Segment Open

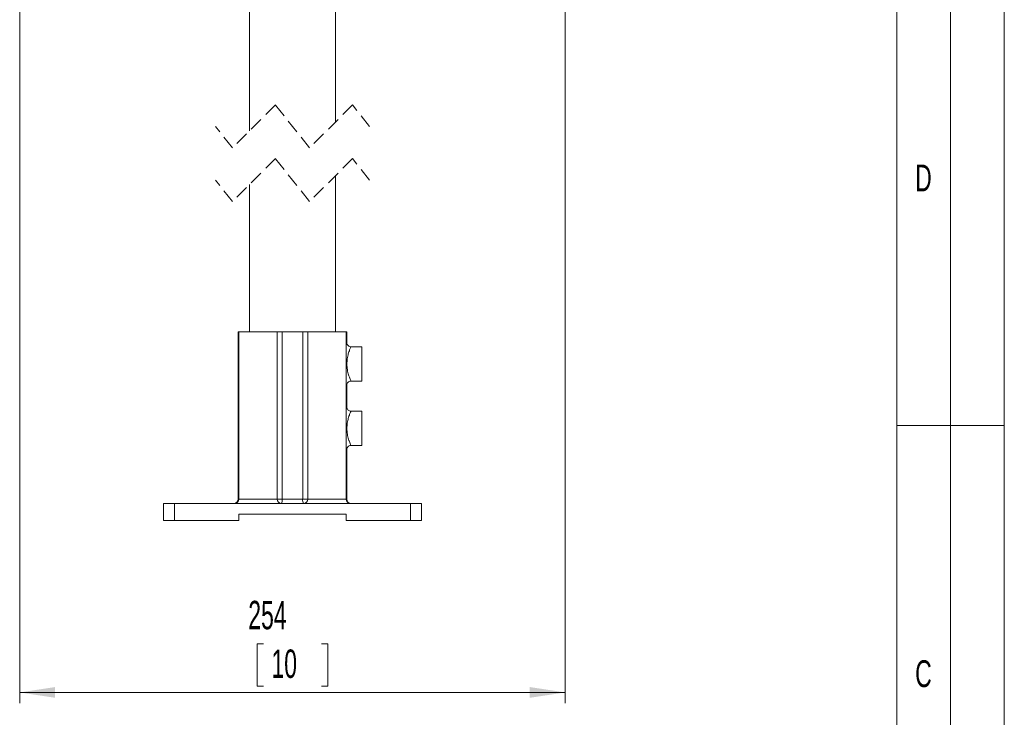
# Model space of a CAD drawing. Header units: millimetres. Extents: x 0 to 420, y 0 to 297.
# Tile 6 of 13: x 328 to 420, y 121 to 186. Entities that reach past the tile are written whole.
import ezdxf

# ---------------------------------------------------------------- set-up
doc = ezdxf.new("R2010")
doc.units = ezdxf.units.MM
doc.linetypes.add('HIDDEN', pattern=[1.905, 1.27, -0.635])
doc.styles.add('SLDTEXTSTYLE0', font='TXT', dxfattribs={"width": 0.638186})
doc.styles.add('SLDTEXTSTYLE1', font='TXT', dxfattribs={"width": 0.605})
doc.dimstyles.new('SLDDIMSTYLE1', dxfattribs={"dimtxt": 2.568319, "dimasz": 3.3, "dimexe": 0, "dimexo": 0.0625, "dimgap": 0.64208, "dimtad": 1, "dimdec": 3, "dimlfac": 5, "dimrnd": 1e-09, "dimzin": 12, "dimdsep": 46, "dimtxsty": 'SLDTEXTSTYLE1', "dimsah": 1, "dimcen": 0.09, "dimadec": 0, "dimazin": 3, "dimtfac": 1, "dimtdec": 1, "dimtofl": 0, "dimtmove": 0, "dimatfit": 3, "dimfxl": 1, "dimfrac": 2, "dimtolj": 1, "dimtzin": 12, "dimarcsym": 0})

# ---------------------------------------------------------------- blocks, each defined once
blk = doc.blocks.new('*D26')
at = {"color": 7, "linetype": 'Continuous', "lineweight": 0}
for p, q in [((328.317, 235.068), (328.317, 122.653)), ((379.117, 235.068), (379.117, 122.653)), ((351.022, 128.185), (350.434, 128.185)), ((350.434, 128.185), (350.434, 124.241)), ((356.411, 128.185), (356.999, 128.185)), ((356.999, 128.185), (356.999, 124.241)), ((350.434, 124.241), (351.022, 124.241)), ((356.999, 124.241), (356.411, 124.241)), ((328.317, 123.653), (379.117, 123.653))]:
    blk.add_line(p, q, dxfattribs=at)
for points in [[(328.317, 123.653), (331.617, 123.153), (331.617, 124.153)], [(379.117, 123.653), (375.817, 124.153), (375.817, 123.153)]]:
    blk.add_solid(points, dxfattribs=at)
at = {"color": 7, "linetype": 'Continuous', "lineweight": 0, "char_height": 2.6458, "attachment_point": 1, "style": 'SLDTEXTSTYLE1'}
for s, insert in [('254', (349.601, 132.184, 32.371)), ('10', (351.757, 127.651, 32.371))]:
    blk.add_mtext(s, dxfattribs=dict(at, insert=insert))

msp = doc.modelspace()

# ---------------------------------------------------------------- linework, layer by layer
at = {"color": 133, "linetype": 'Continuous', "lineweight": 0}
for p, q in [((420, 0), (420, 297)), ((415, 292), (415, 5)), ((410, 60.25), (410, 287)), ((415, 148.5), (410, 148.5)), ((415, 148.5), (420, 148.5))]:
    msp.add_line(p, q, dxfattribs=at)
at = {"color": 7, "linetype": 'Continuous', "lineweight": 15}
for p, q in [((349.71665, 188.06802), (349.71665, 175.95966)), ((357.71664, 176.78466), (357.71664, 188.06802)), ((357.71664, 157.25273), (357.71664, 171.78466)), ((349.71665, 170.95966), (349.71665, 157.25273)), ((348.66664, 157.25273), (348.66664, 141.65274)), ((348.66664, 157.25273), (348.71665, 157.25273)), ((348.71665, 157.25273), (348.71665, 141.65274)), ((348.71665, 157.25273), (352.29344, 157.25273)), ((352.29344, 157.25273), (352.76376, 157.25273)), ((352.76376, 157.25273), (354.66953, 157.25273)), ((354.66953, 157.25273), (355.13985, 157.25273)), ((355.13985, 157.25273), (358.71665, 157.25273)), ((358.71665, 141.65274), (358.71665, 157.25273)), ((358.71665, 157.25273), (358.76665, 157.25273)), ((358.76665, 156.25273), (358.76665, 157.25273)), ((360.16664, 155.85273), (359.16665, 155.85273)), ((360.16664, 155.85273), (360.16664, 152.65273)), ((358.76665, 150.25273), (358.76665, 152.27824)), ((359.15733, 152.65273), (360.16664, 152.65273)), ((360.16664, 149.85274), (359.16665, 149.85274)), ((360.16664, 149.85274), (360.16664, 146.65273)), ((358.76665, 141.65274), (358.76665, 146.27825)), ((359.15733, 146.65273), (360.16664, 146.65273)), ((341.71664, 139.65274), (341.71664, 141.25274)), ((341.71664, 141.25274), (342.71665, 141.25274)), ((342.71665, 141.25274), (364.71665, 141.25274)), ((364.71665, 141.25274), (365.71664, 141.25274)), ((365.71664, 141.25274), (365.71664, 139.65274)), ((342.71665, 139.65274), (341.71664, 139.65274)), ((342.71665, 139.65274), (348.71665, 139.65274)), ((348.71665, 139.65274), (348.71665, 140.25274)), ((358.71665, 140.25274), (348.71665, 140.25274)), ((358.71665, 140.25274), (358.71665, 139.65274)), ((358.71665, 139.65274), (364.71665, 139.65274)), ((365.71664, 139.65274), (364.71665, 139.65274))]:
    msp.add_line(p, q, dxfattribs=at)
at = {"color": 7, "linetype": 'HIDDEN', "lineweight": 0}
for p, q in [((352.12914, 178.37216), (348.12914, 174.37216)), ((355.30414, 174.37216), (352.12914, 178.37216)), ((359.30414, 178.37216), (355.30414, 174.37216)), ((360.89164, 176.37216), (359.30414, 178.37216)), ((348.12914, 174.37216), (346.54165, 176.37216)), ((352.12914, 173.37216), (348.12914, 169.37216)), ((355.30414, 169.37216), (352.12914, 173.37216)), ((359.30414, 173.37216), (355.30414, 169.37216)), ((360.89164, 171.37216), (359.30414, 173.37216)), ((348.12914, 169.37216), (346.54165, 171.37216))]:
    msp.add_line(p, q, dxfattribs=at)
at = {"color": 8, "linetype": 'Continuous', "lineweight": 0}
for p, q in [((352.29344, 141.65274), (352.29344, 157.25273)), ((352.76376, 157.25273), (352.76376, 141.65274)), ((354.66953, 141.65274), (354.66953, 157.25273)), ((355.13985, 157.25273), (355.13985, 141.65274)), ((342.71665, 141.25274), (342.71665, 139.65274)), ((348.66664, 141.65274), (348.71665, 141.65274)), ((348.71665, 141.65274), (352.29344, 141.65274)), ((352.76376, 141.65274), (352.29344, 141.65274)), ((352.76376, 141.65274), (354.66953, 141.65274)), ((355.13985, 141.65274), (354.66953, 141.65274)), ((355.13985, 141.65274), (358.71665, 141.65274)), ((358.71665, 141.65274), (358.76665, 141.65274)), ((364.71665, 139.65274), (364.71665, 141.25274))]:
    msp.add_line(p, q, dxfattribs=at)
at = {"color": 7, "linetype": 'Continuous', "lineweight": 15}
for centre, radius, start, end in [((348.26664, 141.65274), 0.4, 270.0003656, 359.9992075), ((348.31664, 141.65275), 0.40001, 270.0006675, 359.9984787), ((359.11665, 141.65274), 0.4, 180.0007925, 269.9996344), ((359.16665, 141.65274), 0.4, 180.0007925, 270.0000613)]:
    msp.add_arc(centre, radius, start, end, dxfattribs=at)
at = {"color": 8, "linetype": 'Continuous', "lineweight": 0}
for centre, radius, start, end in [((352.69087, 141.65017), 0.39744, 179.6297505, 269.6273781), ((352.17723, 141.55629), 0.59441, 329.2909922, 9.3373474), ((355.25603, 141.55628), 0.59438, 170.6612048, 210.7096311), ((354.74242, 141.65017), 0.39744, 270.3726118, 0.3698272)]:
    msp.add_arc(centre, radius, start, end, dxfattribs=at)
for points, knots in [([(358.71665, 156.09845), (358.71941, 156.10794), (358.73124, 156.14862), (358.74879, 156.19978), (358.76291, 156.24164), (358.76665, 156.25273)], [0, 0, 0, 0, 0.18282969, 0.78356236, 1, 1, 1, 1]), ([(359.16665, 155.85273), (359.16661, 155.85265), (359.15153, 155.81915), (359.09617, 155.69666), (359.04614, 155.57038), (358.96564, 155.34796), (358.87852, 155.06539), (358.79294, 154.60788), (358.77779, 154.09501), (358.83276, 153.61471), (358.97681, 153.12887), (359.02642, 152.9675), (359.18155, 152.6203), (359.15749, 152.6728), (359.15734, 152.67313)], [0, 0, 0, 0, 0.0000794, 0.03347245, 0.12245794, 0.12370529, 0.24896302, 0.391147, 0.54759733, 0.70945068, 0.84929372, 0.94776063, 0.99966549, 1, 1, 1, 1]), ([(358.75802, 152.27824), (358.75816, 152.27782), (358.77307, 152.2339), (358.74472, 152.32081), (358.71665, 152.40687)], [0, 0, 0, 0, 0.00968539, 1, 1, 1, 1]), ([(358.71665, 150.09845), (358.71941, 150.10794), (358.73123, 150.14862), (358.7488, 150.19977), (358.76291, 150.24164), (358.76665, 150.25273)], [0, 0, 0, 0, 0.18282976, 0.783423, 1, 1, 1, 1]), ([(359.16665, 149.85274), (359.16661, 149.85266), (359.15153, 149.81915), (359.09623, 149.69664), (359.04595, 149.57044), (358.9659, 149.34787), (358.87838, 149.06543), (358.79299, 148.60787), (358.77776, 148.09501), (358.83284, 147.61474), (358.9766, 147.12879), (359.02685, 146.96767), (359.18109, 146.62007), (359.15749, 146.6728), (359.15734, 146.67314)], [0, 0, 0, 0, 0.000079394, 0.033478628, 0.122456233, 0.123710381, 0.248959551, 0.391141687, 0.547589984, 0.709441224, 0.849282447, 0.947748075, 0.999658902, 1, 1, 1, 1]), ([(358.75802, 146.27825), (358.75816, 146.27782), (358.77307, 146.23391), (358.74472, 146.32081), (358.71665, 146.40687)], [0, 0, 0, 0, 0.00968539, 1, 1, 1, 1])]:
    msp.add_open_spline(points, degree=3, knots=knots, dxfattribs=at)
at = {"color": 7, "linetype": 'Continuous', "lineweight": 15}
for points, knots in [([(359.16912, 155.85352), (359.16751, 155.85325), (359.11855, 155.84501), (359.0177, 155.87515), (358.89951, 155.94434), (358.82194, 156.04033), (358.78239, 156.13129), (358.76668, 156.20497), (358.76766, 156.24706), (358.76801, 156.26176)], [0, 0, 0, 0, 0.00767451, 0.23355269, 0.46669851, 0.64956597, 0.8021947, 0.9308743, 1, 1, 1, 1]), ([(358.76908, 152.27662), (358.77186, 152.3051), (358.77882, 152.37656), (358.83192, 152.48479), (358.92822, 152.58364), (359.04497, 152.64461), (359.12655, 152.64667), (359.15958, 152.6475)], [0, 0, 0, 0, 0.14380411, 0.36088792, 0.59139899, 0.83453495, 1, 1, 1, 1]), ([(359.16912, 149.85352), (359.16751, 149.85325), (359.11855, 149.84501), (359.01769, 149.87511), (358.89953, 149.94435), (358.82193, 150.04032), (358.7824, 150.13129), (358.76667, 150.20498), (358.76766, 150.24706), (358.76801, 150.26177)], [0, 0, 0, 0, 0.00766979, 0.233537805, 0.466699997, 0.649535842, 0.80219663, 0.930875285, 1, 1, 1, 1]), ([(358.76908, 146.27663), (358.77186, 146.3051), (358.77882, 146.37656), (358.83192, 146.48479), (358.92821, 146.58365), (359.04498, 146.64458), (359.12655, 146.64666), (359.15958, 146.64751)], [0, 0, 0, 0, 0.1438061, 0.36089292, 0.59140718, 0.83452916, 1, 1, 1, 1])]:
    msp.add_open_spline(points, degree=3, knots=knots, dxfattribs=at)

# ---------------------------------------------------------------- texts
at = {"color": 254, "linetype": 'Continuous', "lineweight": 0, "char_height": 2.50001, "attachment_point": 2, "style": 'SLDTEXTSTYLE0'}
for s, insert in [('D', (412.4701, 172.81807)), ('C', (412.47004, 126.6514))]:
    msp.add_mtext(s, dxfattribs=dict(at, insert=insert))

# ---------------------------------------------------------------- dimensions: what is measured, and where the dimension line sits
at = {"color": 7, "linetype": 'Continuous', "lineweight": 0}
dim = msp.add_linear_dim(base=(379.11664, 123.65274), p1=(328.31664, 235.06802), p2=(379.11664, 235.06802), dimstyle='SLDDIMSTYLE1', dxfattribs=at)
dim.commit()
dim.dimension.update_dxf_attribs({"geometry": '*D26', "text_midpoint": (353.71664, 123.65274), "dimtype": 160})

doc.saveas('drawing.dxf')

Segment Closed

Check each line of the entries above for the word "HIDDEN". List the ones that have it.

doc.linetypes.add('HIDDEN', pattern=[1.905, 1.27, -0.635])
at = {"color": 7, "linetype": 'HIDDEN', "lineweight": 0}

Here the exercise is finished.